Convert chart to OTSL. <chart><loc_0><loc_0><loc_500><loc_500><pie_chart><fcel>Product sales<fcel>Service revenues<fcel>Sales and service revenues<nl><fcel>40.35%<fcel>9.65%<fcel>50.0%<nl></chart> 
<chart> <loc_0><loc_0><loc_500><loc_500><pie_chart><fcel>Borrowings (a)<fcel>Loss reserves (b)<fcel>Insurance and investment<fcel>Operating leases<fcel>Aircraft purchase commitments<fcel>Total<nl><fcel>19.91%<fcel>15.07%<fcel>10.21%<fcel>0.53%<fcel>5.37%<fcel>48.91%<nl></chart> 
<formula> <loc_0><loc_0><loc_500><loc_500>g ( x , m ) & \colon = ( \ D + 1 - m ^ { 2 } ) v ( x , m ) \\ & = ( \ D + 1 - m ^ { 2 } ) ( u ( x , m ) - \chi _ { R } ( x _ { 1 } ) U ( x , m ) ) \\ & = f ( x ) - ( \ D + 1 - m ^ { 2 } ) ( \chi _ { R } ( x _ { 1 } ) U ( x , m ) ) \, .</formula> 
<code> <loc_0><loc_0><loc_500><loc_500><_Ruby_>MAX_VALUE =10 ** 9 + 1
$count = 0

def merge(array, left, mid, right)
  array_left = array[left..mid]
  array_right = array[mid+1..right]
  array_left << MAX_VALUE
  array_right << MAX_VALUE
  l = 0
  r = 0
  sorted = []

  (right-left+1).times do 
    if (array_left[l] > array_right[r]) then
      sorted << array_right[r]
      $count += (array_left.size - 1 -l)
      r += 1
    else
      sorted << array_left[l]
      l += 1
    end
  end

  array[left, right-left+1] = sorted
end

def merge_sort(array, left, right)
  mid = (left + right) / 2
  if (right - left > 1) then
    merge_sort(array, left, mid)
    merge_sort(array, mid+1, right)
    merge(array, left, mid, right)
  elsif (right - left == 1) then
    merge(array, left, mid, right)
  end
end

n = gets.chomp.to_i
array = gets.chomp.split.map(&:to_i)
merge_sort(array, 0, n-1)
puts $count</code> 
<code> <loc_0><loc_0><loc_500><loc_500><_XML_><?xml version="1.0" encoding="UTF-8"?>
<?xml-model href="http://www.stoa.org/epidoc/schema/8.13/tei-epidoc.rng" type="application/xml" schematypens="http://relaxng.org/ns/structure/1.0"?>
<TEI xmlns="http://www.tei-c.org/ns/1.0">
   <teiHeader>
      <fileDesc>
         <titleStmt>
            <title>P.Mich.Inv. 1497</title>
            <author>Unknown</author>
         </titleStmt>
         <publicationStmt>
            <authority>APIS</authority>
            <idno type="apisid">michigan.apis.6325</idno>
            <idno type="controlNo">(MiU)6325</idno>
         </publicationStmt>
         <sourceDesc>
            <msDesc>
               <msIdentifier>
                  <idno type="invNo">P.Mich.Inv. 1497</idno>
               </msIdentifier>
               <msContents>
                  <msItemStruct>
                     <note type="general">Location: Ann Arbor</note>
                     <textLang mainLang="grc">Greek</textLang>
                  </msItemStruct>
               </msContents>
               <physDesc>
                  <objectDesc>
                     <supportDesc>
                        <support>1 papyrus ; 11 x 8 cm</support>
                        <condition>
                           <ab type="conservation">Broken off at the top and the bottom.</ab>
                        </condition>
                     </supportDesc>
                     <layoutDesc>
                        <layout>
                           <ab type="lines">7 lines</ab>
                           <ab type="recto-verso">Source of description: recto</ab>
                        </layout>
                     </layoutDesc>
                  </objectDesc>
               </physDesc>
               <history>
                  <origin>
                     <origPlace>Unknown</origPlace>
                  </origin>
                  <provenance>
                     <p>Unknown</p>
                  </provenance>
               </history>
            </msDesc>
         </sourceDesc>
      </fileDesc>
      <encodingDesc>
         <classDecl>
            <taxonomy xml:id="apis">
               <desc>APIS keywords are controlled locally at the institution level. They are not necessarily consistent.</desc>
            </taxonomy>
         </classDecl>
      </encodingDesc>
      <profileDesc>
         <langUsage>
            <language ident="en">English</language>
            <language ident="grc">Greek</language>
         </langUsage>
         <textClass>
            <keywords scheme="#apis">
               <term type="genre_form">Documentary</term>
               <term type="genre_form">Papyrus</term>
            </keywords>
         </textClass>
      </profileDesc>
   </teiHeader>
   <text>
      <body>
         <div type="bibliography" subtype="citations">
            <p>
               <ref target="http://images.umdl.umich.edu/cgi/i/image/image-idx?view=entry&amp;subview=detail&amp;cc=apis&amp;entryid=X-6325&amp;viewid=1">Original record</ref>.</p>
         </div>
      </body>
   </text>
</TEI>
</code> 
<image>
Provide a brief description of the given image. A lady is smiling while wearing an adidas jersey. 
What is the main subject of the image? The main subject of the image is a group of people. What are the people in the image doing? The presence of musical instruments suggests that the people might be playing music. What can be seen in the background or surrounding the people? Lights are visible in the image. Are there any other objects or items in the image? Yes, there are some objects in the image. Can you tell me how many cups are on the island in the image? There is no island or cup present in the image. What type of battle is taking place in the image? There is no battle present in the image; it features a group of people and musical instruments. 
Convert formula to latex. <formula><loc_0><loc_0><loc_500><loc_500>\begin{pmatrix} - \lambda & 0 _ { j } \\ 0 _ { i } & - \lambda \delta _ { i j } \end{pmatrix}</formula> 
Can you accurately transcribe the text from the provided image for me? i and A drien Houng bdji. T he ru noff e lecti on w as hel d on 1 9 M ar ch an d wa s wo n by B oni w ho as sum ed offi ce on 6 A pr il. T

========

Exercise goal:
Retype each line of the material above exactly.

Result of this task:
Convert chart to OTSL. <chart><loc_0><loc_0><loc_500><loc_500><pie_chart><fcel>Product sales<fcel>Service revenues<fcel>Sales and service revenues<nl><fcel>40.35%<fcel>9.65%<fcel>50.0%<nl></chart> 
<chart> <loc_0><loc_0><loc_500><loc_500><pie_chart><fcel>Borrowings (a)<fcel>Loss reserves (b)<fcel>Insurance and investment<fcel>Operating leases<fcel>Aircraft purchase commitments<fcel>Total<nl><fcel>19.91%<fcel>15.07%<fcel>10.21%<fcel>0.53%<fcel>5.37%<fcel>48.91%<nl></chart> 
<formula> <loc_0><loc_0><loc_500><loc_500>g ( x , m ) & \colon = ( \ D + 1 - m ^ { 2 } ) v ( x , m ) \\ & = ( \ D + 1 - m ^ { 2 } ) ( u ( x , m ) - \chi _ { R } ( x _ { 1 } ) U ( x , m ) ) \\ & = f ( x ) - ( \ D + 1 - m ^ { 2 } ) ( \chi _ { R } ( x _ { 1 } ) U ( x , m ) ) \, .</formula> 
<code> <loc_0><loc_0><loc_500><loc_500><_Ruby_>MAX_VALUE =10 ** 9 + 1
$count = 0

def merge(array, left, mid, right)
  array_left = array[left..mid]
  array_right = array[mid+1..right]
  array_left << MAX_VALUE
  array_right << MAX_VALUE
  l = 0
  r = 0
  sorted = []

  (right-left+1).times do 
    if (array_left[l] > array_right[r]) then
      sorted << array_right[r]
      $count += (array_left.size - 1 -l)
      r += 1
    else
      sorted << array_left[l]
      l += 1
    end
  end

  array[left, right-left+1] = sorted
end

def merge_sort(array, left, right)
  mid = (left + right) / 2
  if (right - left > 1) then
    merge_sort(array, left, mid)
    merge_sort(array, mid+1, right)
    merge(array, left, mid, right)
  elsif (right - left == 1) then
    merge(array, left, mid, right)
  end
end

n = gets.chomp.to_i
array = gets.chomp.split.map(&:to_i)
merge_sort(array, 0, n-1)
puts $count</code> 
<code> <loc_0><loc_0><loc_500><loc_500><_XML_><?xml version="1.0" encoding="UTF-8"?>
<?xml-model href="http://www.stoa.org/epidoc/schema/8.13/tei-epidoc.rng" type="application/xml" schematypens="http://relaxng.org/ns/structure/1.0"?>
<TEI xmlns="http://www.tei-c.org/ns/1.0">
   <teiHeader>
      <fileDesc>
         <titleStmt>
            <title>P.Mich.Inv. 1497</title>
            <author>Unknown</author>
         </titleStmt>
         <publicationStmt>
            <authority>APIS</authority>
            <idno type="apisid">michigan.apis.6325</idno>
            <idno type="controlNo">(MiU)6325</idno>
         </publicationStmt>
         <sourceDesc>
            <msDesc>
               <msIdentifier>
                  <idno type="invNo">P.Mich.Inv. 1497</idno>
               </msIdentifier>
               <msContents>
                  <msItemStruct>
                     <note type="general">Location: Ann Arbor</note>
                     <textLang mainLang="grc">Greek</textLang>
                  </msItemStruct>
               </msContents>
               <physDesc>
                  <objectDesc>
                     <supportDesc>
                        <support>1 papyrus ; 11 x 8 cm</support>
                        <condition>
                           <ab type="conservation">Broken off at the top and the bottom.</ab>
                        </condition>
                     </supportDesc>
                     <layoutDesc>
                        <layout>
                           <ab type="lines">7 lines</ab>
                           <ab type="recto-verso">Source of description: recto</ab>
                        </layout>
                     </layoutDesc>
                  </objectDesc>
               </physDesc>
               <history>
                  <origin>
                     <origPlace>Unknown</origPlace>
                  </origin>
                  <provenance>
                     <p>Unknown</p>
                  </provenance>
               </history>
            </msDesc>
         </sourceDesc>
      </fileDesc>
      <encodingDesc>
         <classDecl>
            <taxonomy xml:id="apis">
               <desc>APIS keywords are controlled locally at the institution level. They are not necessarily consistent.</desc>
            </taxonomy>
         </classDecl>
      </encodingDesc>
      <profileDesc>
         <langUsage>
            <language ident="en">English</language>
            <language ident="grc">Greek</language>
         </langUsage>
         <textClass>
            <keywords scheme="#apis">
               <term type="genre_form">Documentary</term>
               <term type="genre_form">Papyrus</term>
            </keywords>
         </textClass>
      </profileDesc>
   </teiHeader>
   <text>
      <body>
         <div type="bibliography" subtype="citations">
            <p>
               <ref target="http://images.umdl.umich.edu/cgi/i/image/image-idx?view=entry&amp;subview=detail&amp;cc=apis&amp;entryid=X-6325&amp;viewid=1">Original record</ref>.</p>
         </div>
      </body>
   </text>
</TEI>
</code> 
<image>
Provide a brief description of the given image. A lady is smiling while wearing an adidas jersey. 
What is the main subject of the image? The main subject of the image is a group of people. What are the people in the image doing? The presence of musical instruments suggests that the people might be playing music. What can be seen in the background or surrounding the people? Lights are visible in the image. Are there any other objects or items in the image? Yes, there are some objects in the image. Can you tell me how many cups are on the island in the image? There is no island or cup present in the image. What type of battle is taking place in the image? There is no battle present in the image; it features a group of people and musical instruments. 
Convert formula to latex. <formula><loc_0><loc_0><loc_500><loc_500>\begin{pmatrix} - \lambda & 0 _ { j } \\ 0 _ { i } & - \lambda \delta _ { i j } \end{pmatrix}</formula> 
Can you accurately transcribe the text from the provided image for me? i and A drien Houng bdji. T he ru noff e lecti on w as hel d on 1 9 M ar ch an d wa s wo n by B oni w ho as sum ed offi ce on 6 A pr il. T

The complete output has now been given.